ASSIGNMENT: Among the entries below, find every line that has "right" and pull it out.
== AVAILABLE RECORDS
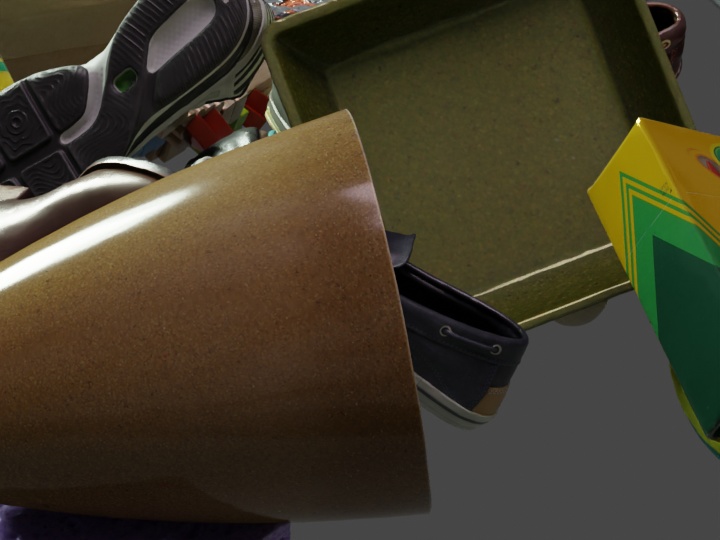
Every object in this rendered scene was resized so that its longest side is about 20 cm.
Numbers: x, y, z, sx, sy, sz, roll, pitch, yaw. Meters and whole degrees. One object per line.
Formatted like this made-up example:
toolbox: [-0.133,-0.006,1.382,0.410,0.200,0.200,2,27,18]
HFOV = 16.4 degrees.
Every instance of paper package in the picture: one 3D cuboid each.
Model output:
paper package: [-0.226,-0.201,1.675,0.190,0.104,0.200,-13,31,-30]

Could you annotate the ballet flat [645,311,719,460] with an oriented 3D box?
ballet flat: [0.193,0.038,1.304,0.067,0.067,0.200,-1,28,-11]

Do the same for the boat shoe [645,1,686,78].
boat shoe: [0.090,-0.128,1.455,0.200,0.070,0.070,-5,54,-12]

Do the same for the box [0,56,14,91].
box: [-0.278,-0.068,1.427,0.117,0.048,0.200,-19,9,38]

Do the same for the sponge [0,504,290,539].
sponge: [-0.145,0.119,1.161,0.200,0.030,0.112,16,30,26]

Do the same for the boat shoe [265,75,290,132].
boat shoe: [0.011,-0.059,1.465,0.072,0.060,0.202,-15,52,-35]

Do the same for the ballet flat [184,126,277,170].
ballet flat: [-0.065,-0.005,1.364,0.068,0.068,0.200,-14,34,1]

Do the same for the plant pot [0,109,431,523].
plant pot: [-0.084,0.037,1.128,0.200,0.187,0.186,-11,29,-4]

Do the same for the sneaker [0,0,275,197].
sneaker: [-0.124,-0.083,1.358,0.076,0.200,0.115,57,13,12]

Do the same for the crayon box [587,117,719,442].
crayon box: [0.231,0.017,1.241,0.200,0.058,0.173,11,40,-31]

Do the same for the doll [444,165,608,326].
doll: [0.060,-0.046,1.383,0.200,0.048,0.136,44,81,9]

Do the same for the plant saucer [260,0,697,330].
plant saucer: [0.072,-0.068,1.336,0.200,0.200,0.048,-21,-3,-2]

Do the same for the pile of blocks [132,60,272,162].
pile of blocks: [-0.103,-0.085,1.489,0.062,0.082,0.200,40,20,13]

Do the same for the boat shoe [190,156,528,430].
boat shoe: [0.000,0.000,1.267,0.200,0.062,0.075,37,21,-4]

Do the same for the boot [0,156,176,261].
boot: [-0.187,0.026,1.208,0.186,0.064,0.200,-7,28,41]
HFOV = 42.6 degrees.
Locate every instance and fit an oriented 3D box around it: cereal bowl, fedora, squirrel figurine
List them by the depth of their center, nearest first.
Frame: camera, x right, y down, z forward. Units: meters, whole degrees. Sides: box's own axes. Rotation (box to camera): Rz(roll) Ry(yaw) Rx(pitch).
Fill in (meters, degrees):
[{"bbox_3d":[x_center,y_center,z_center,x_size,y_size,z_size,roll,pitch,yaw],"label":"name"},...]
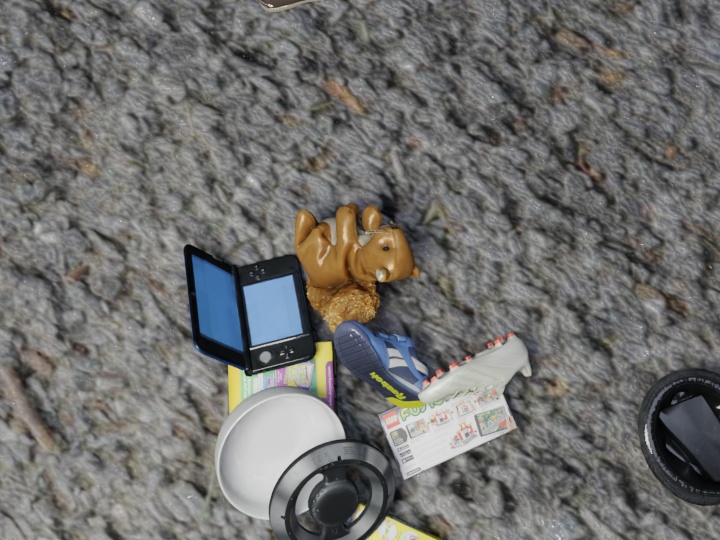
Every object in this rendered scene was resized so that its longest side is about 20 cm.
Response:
[{"bbox_3d":[-0.123,0.261,1.376,0.196,0.083,0.204,-5,108,-16],"label":"cereal bowl"},{"bbox_3d":[0.508,0.253,1.412,0.196,0.092,0.205,-1,81,3],"label":"fedora"},{"bbox_3d":[0.000,0.000,1.435,0.184,0.140,0.204,16,100,36],"label":"squirrel figurine"}]

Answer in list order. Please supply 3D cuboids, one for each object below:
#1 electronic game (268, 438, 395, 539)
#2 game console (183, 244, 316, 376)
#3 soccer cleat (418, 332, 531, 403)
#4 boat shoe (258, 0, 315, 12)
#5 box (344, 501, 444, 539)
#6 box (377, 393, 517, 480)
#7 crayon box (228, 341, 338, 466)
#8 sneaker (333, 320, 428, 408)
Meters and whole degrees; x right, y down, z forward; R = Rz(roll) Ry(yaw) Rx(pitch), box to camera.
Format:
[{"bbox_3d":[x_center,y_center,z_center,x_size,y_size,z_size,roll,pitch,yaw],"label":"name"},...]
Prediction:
====
ANSWER FOR THIS EXERCISE:
Frame: camera, x right, y down, z forward. Units: meters, whole degrees. Sides: box's own axes. Rotation (box to camera): Rz(roll) Ry(yaw) Rx(pitch).
Meters and whole degrees; x right, y down, z forward; R = Rz(roll) Ry(yaw) Rx(pitch), box to camera.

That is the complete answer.